If your company has survey results, statistics, significant developments in terms of a market shift (either geographically or sectorally), then a news release, depending on your objectives for spreading this news, may not be the best way to go. Perhaps the news is best pitched to individual outlets or reporters. One high value piece may trump the “thud factor” that a lot of rebroadcast of your news release would create.

What are the benefits of sharing your news with the marketplace?

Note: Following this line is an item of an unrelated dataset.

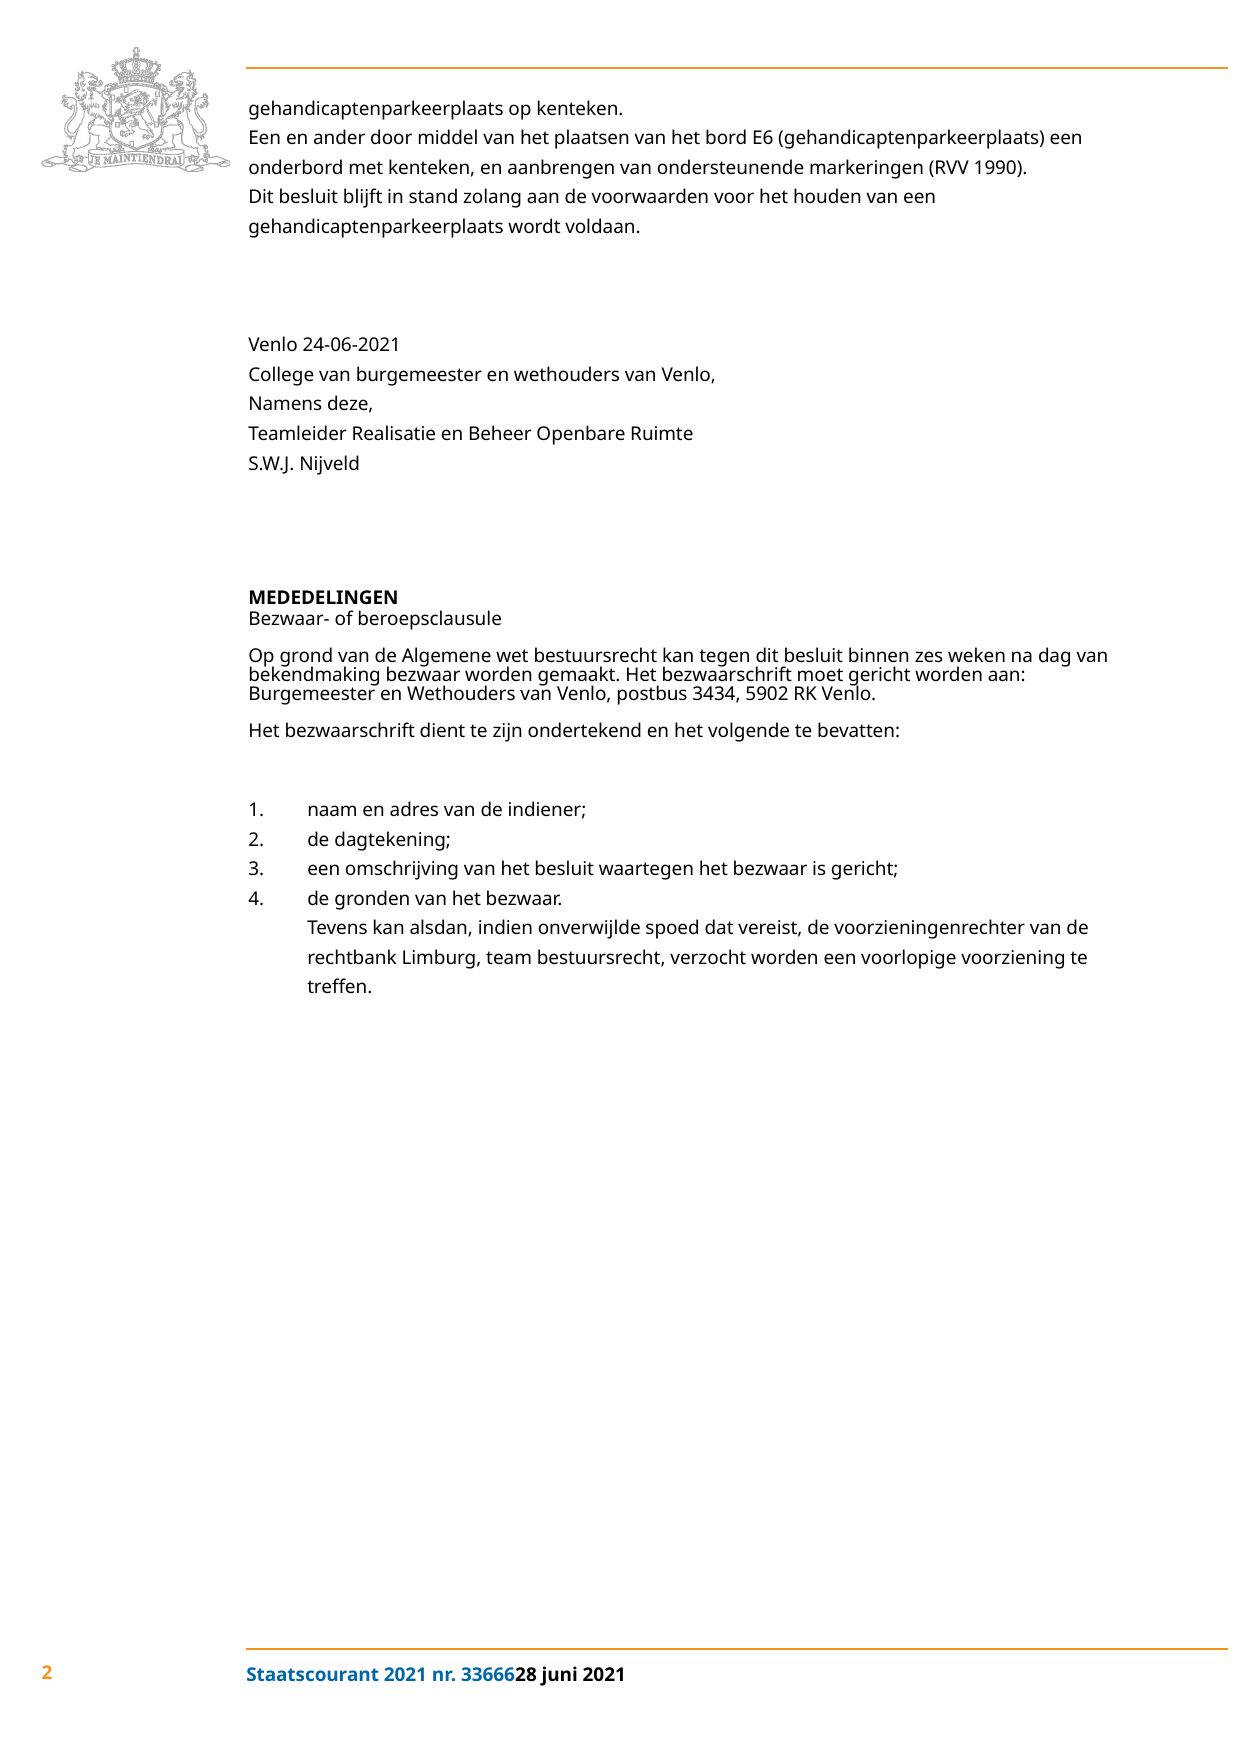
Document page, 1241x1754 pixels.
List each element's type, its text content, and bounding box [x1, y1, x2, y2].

Market awareness is the chief benefit of disseminating news. Your existing and prospective partners, customers, media targets, analysts covering your space, investors and other stakeholders are made aware of what your company is up to and can make decisions about their engagement and level of interest in your company and its activities based on news that you share with the marketplace. If you don’t tell your marketplace that you’re expanding, that you’re under new leadership, that you’ve been recognized for an achievement or milestone, then they won’t know. Your company’s currency in the marketplace is value – news value and otherwise – and if you miss the chance to harvest that value, it’s a wasted opportunity: your competitor will be featured in a news story rather than you, prospective partners will rule you out as a valuable partner because you appear to be dormant or out of step with the rest of the market, sought after talent will neglect to send you their resume because they didn’t know you were looking… The effects ripple out across your market and put you at a competitive disadvantage. There’s a reason that publicly-traded companies are subject to disclosure rules. If your company does something material, it’s important to share that news with the marketplace. Private companies should follow suit, evaluating their activities and potentially newsworthy happenings to see if they are important enough to distribute. If so, then evaluate what tactic best suits the news and engage with your market appropriately. There’s nothing sadder than visiting a corporate news room to see it’s been more than a year since it’s been updated. Has that company done nothing newsworthy in that time? Doubtful. They’ve just let opportunity pass them by.

Once upon a time…

Take a fictitious company, ABC Corporation. Q2 & Q3 were packed with promotions, trade shows, product updates, executive shuffles and more. But you’d never know it by visiting their website, which was last updated in Q4 of last year. As a result, prospective clients who were doing web research on potential vendors to buy from didn’t add ABC to their long, let alone their short, list. And these prospective clients could likely have taken advantage of sales promotions that would have lowered their costs but since you didn’t publicize these discounts, they paid more to your competitor. ABC did add some prospects to its pipeline but could have certainly added more if the news about the latest additions and upgrades to the platform had been distributed. And ABC is having a difficult time filling open positions on their team or those that are applying don’t target their CVs to the vision of the new president, hired in Q1. But how could they when there’s no trace of the company’s new direction on the website and the company is not getting covered in media roundups and analyst reports on vendors in their space.

This is an extreme example but as you can see neglecting to share your news with the marketplace can have widespread and lasting ramifications and more importantly, a negative impact on your bottom line.